Product Manager, Creatie · 10 min read · Aug 21, 2024
There’s no denying that Figma has a bit of a chokehold on the design market. It’s the default selection for most design teams today, and Figma knows it. However, Figma is charging more and more for its different modules, like Figma AI and Figma Slides, and continues to drive up prices for Dev Mode.
Some of the older tools that were common alternatives are either sunsetting or simply not innovating, so they don’t meet the same quality threshold.
Many see the non-user-friendly changes that Figma has been making as abusing its market powers, a pattern that often emerges when monopolies exist. Here’s the question: Is there a viable way out?
The short answer is “yes.” The long answer is that we’ve got seven Figma alternatives right here, and some of them even have viable free plans.
Top 7 Figma alternatives
1. Creatie
Creatie—that’s us, by the way—is an AI-first alternative to Figma.
There are two major benefits of choosing us over Figma:
Creatie has powerful AI features that help your team generate design ideas, ensure design consistency, create logos and illustrations, and more.
Second, Creatie is free. No complex pricing plans or add-on charges here. Try Creatie out for yourself today. If you join now, we can also offer you months of free credit after our pricing plan is rolled out later this year.
Lastly, Creatie’s interface is incredibly familiar and user-friendly for anyone who’s been working in Figma to date. This minimizes the amount of time you and your design team will need to spend onboarding, training, and getting accustomed to a new system. We also offer easy one-click migration from Figma. So you can hit the ground running in no time.
Features:
AI-powered mockup generator: You can give Creatie a few prompts or select an area you’re having trouble with, and our AI engine will produce endless new design ideas.
AI image enhancer: You can change out backgrounds, expand images, and upscale low-resolution files with an interactive AI image enhancer.
Design auditor: You can use Creatie to audit existing assets and ensure that everything aligns with your current brand guidelines.
AI logo and illustration generator: Our AI-driven icon generator can produce dozens of beautiful 3D assets and icons for your next app or interface.
Pros:
Creatie is free.
You can generate many different design ideas in minutes, getting you off the blank page faster.
The platform has a familiar look and feel for ex-Figma users.
We have a free dev mode (for which Figma is charging more and more to use).
Cons:
Creatie has yet to implement some enterprise-level features such as single sign-on.
We’re still a little short on community and design resources compared to what Figma offers.
Sketch is another widely used Figma alternative.
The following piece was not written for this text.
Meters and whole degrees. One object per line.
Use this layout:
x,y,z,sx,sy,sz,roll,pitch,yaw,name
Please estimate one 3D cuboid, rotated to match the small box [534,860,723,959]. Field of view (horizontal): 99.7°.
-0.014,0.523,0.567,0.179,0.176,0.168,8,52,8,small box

While it’s a usable option, there aren’t a lot of people making the jump from Figma to Sketch. It’s more of a legacy tool at this point.
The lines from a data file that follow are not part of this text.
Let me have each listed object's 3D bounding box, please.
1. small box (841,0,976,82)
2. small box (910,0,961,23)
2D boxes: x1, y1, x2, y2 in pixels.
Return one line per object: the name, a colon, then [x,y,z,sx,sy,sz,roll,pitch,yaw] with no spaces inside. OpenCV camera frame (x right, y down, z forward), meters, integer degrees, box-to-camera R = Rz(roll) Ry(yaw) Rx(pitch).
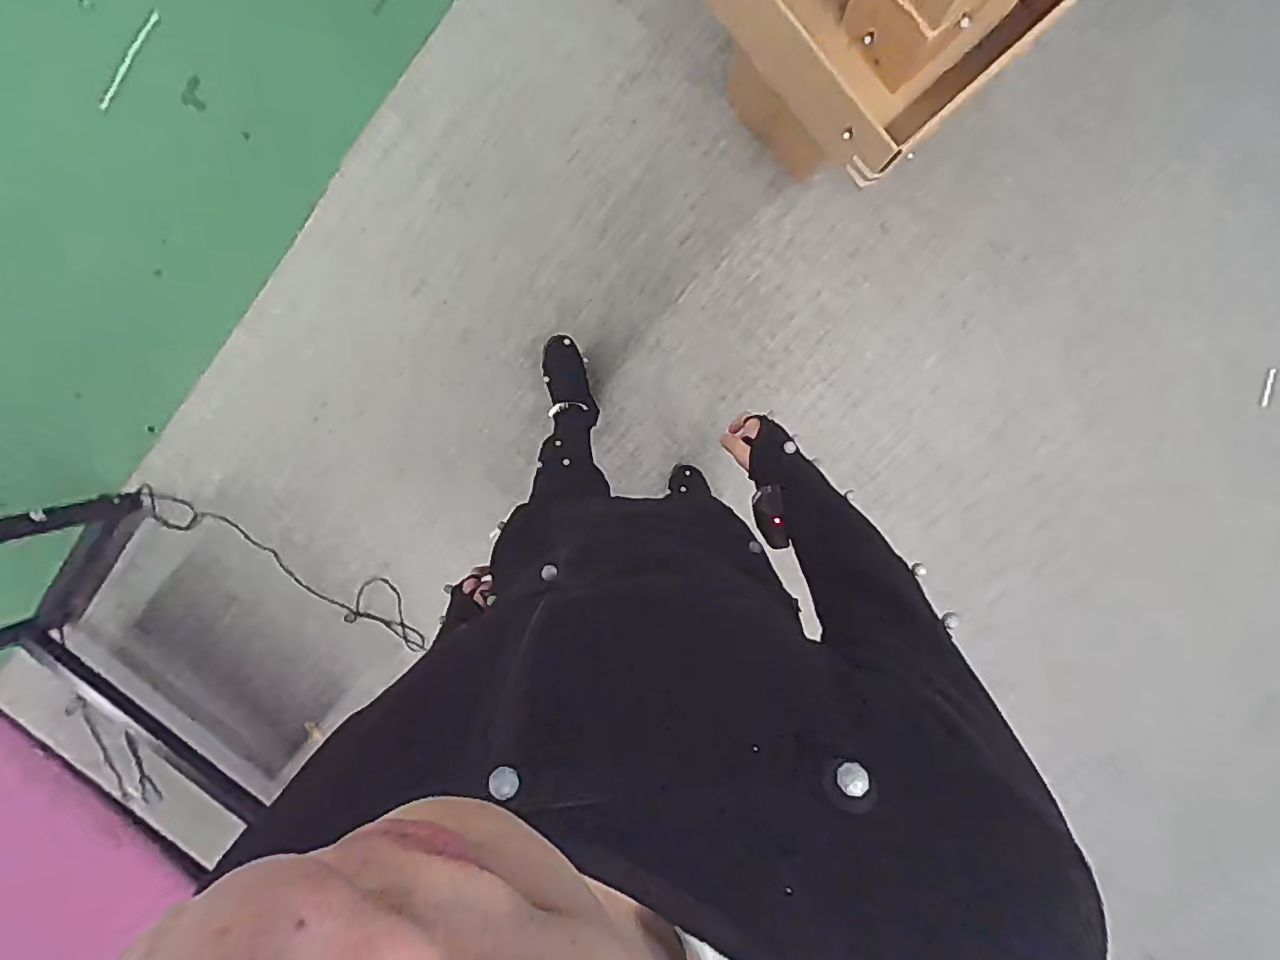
small box: [0.476,-0.844,0.920,0.179,0.176,0.168,-41,95,11]
small box: [0.470,-0.819,0.758,0.179,0.176,0.168,-39,95,10]
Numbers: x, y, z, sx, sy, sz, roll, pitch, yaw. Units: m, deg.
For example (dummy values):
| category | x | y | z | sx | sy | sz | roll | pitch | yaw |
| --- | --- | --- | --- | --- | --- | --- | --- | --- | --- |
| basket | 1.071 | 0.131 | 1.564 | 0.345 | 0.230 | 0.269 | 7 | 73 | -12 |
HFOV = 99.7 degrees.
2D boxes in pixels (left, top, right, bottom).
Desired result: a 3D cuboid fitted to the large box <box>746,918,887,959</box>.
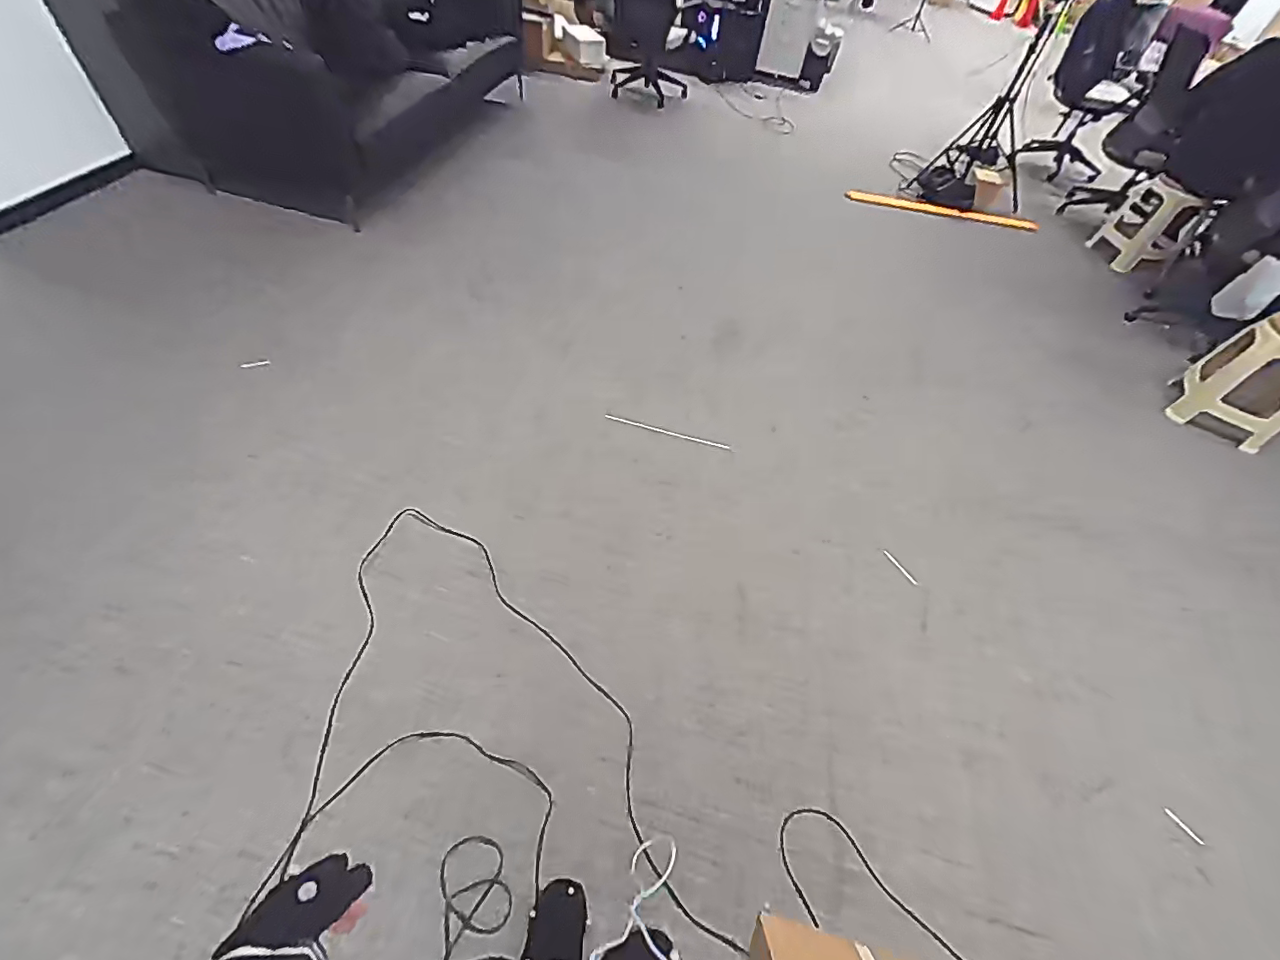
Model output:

While there is a web-based version of Sketch, available with their standard subscription, the company is more focused on the native Mac app, which is an offline tool sold on a perpetual license.
It is, however, quite a bit more cost-effective than Figma, especially if you’re only paying that one-off $120 fee.
Features:
Vector graphic editing: Sketch’s core competency is editing vector designs.
Prototyping: Sketch offers some simple interactive prototyping features that they are continuing to build upon.
Pros:
Sketch is pretty cost-effective compared to other solutions.
It has some good onboarding and learning resources.
Cons:
Sketch is primarily an offline tool, so it's not collaborative.
It’s only available for Mac users.
The learning curve is steep since the interface and layout is so different from Figma.
Pricing:
Sketch costs $120 for a Mac-only native app, with a year’s worth of updates. There is also a monthly subscription available for $12 per user, per month.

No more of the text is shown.